Rabu 07 Sep 2016 10:39 WIB

Perbaikan Sekolah Rusak Mendesak Dibanding Wacana Full Day School

Rep: Qommarria Rostanti/ Red: Andi Nur Aminah
Sejumlah siswa dan guru melihat bangunan sekolahnya yang rusak di SDN Cibugis, Desa Cibugis, Kelapa Nunggal, Kabupaten Bogor, Jawa Barat, Senin (29/2).
Foto: Antara/Yulius Satria Wijaya
Sejumlah siswa dan guru melihat bangunan sekolahnya yang rusak di SDN Cibugis, Desa Cibugis, Kelapa Nunggal, Kabupaten Bogor, Jawa Barat, Senin (29/2).
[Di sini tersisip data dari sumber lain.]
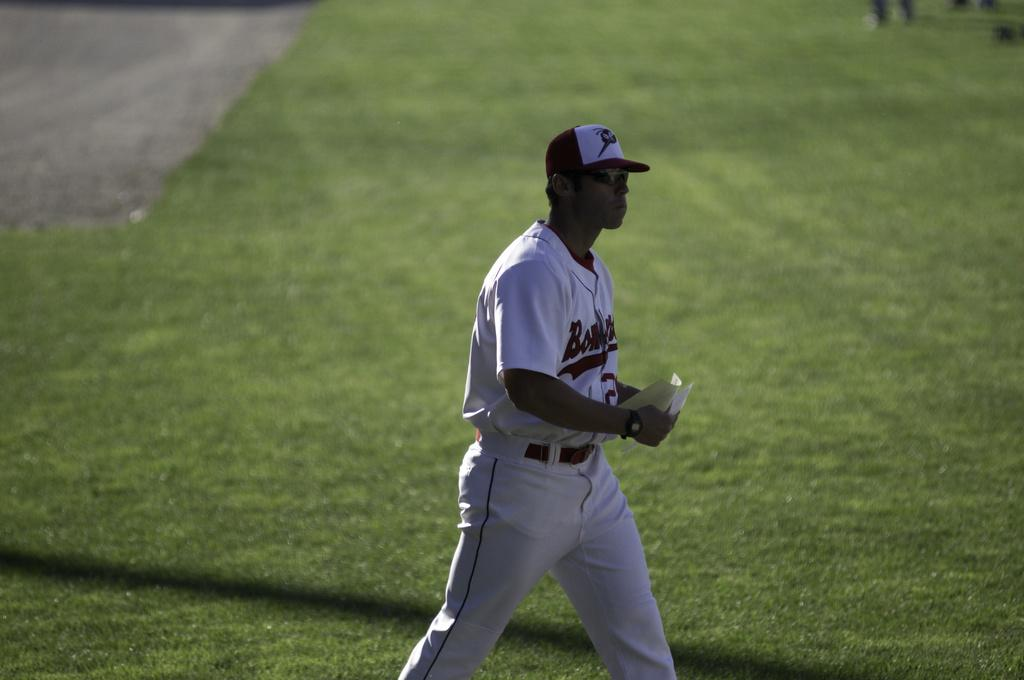Provide a one-sentence caption for the provided image. The baseball player had an outfit that starts with the letters "Bom".

REPUBLIKA.CO.ID, JAKARTA -- Kementerian Pendidikan dan Kebudayaan beberapa waktu lalu menggagas program sehari penuh di sekolah (full day school). Namun ternyata ada hal penting yang harus diprioritaskan Kemendikbud, yakni perbaikan ruang kelas.
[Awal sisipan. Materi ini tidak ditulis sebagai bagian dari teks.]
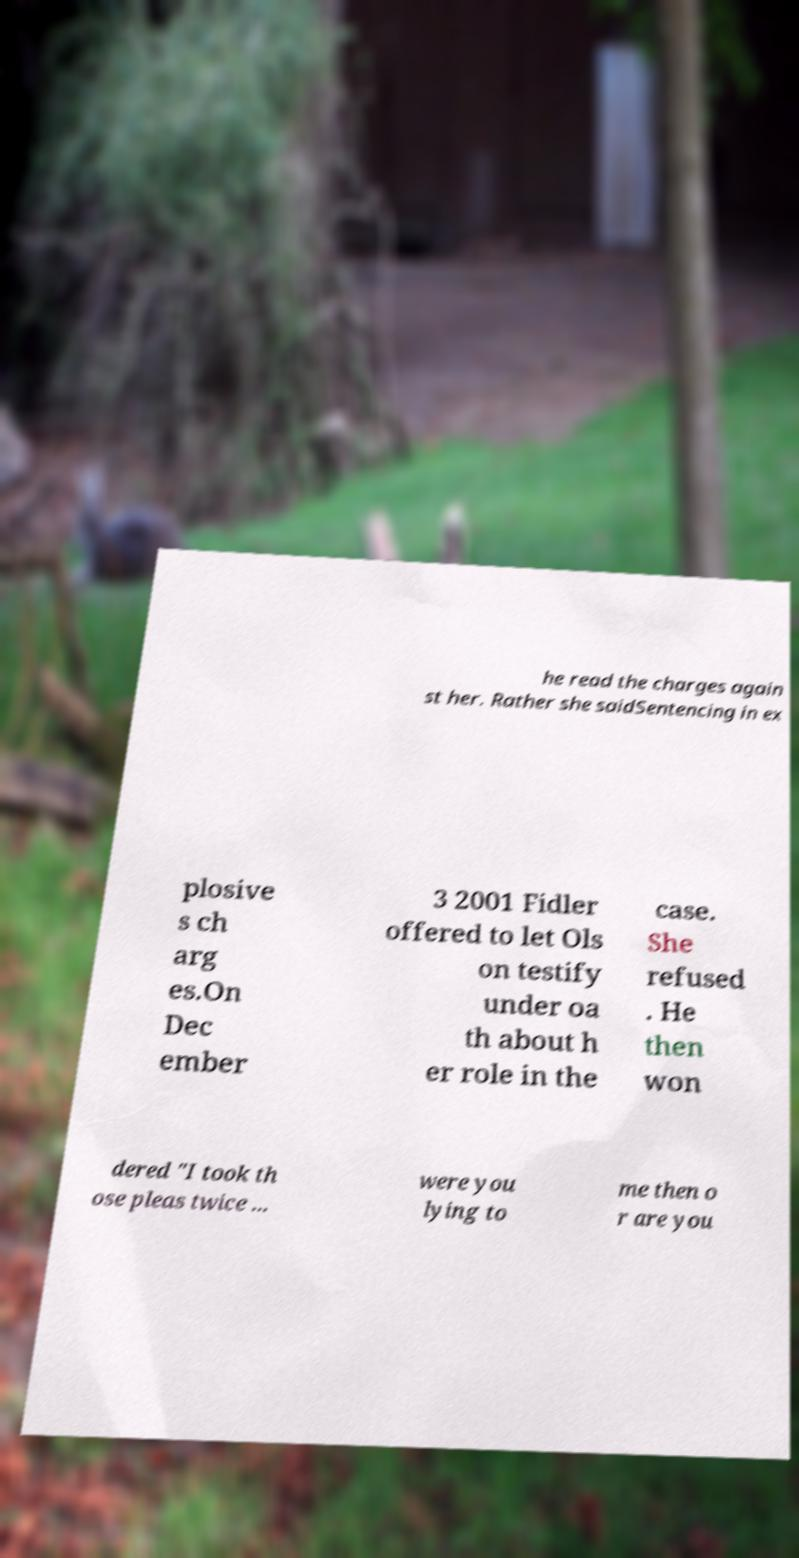For documentation purposes, I need the text within this image transcribed. Could you provide that? he read the charges again st her. Rather she saidSentencing in ex plosive s ch arg es.On Dec ember 3 2001 Fidler offered to let Ols on testify under oa th about h er role in the case. She refused . He then won dered "I took th ose pleas twice ... were you lying to me then o r are you

Persoalan tersebut dinilai lebih mendesak dan bersifat harus ditangani karena akan menganggu kualitas pendidikan. Berdasarkan data Kemendikbud 2016, jumlah ruang kelas yang rusak berat dan sedang mencapai 183.239 unit. Itu artinya, terdapat sekitar lima sampai enam juta siswa yang selama ini belajar dalam situasi tidak nyaman dan dalam situasi terancam bahaya.
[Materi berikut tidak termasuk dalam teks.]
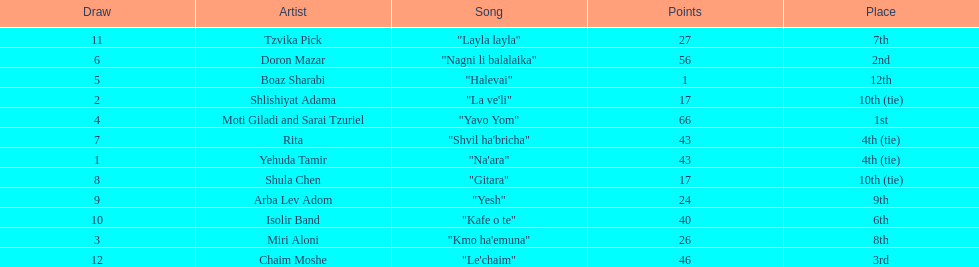What is the name of the song listed before the song "yesh"? "Gitara".

Orang tua pun cemas ketika mengetahui setiap hari anaknya belajar dalam ruang kelas yang terancam roboh. Pihak sekolah juga tidak pernah mendapat informasi kapan pemerintah akan memperbaiki sekolah.

"Kita para orang tua cemas. Bagaimana tidak, ruang kelas ini sudah mau roboh, kasihan anak-anak yang belajar,” ujar Kenni, salah satu orang tua murid yang menjadi peserta diskusi Mencari Solusi Bersama Penanganan Sekolah Rusak di Kabupaten Bogor. Acara ini difasilitasi Komite Pemantau Legislatif (KOPEL) Indonesia bersama Yappika, Rabu (7/9).

Pertemuan tersebut berlangsung di SDN Leuwibatu 01, Desa Leuwibatu Kecamatan Rumpin, Kabupaten Bogor. Tujuannya, untuk  menyamakan  persepsi di antara masyarakat peduli pendidikan yang dihadiri oleh orang tua siswa, komite sekolah, guru dan kepala sekolah.   

Salah satu guru, Asep menceritakan pada awalnya sekolah tersebut merupakan sekolah induk di desa Leuwibatu yang berdiri sejak 1953. Saat ini, masalah besar yang dihadapi karena adanya ruang kelas yang sudah rusak berat dan entah kapan akan tertangani.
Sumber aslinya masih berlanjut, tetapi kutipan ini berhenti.